### Task brief
Without the pictures, write out every entry that follows exactly.

### Provided data
+++++

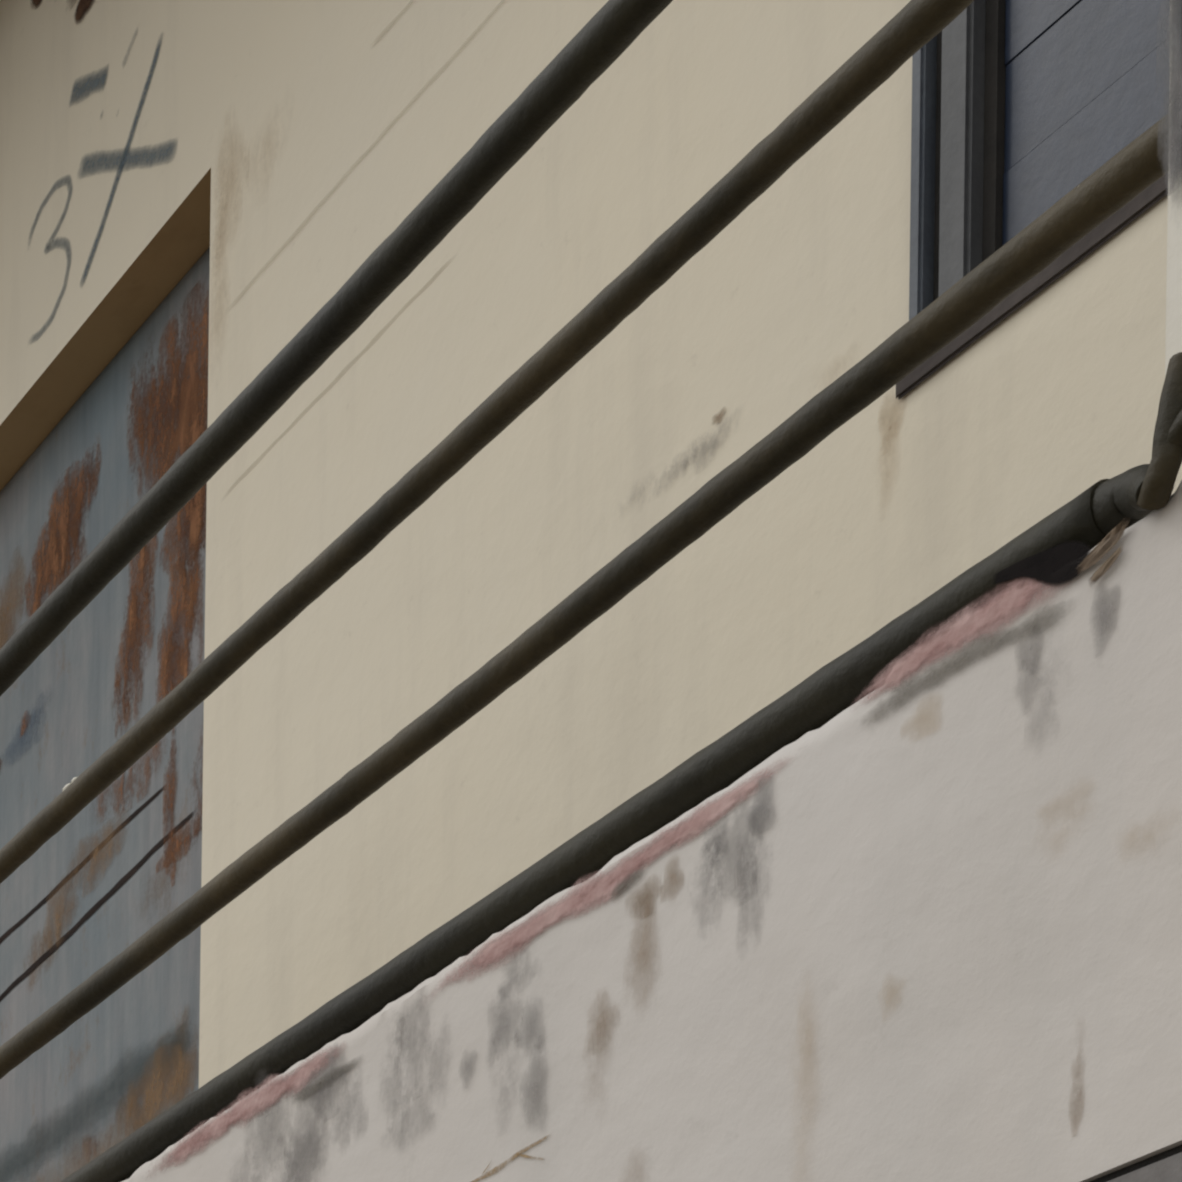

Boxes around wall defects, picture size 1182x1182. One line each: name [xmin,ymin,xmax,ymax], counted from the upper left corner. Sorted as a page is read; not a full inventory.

rust [130,297,209,488]
rust [26,465,99,613]
rust [114,483,207,723]
spalling [867,520,1127,717]
rust [99,744,203,879]
spalling [446,770,771,981]
spalling [163,1053,354,1166]

+++++

### Answer to this task
Boxes around wall defects, picture size 1182x1182. One line each: name [xmin,ymin,xmax,ymax], counted from the upper left corner. Sorted as a page is read; not a full inventory.

rust [130,297,209,488]
rust [26,465,99,613]
rust [114,483,207,723]
spalling [867,520,1127,717]
rust [99,744,203,879]
spalling [446,770,771,981]
spalling [163,1053,354,1166]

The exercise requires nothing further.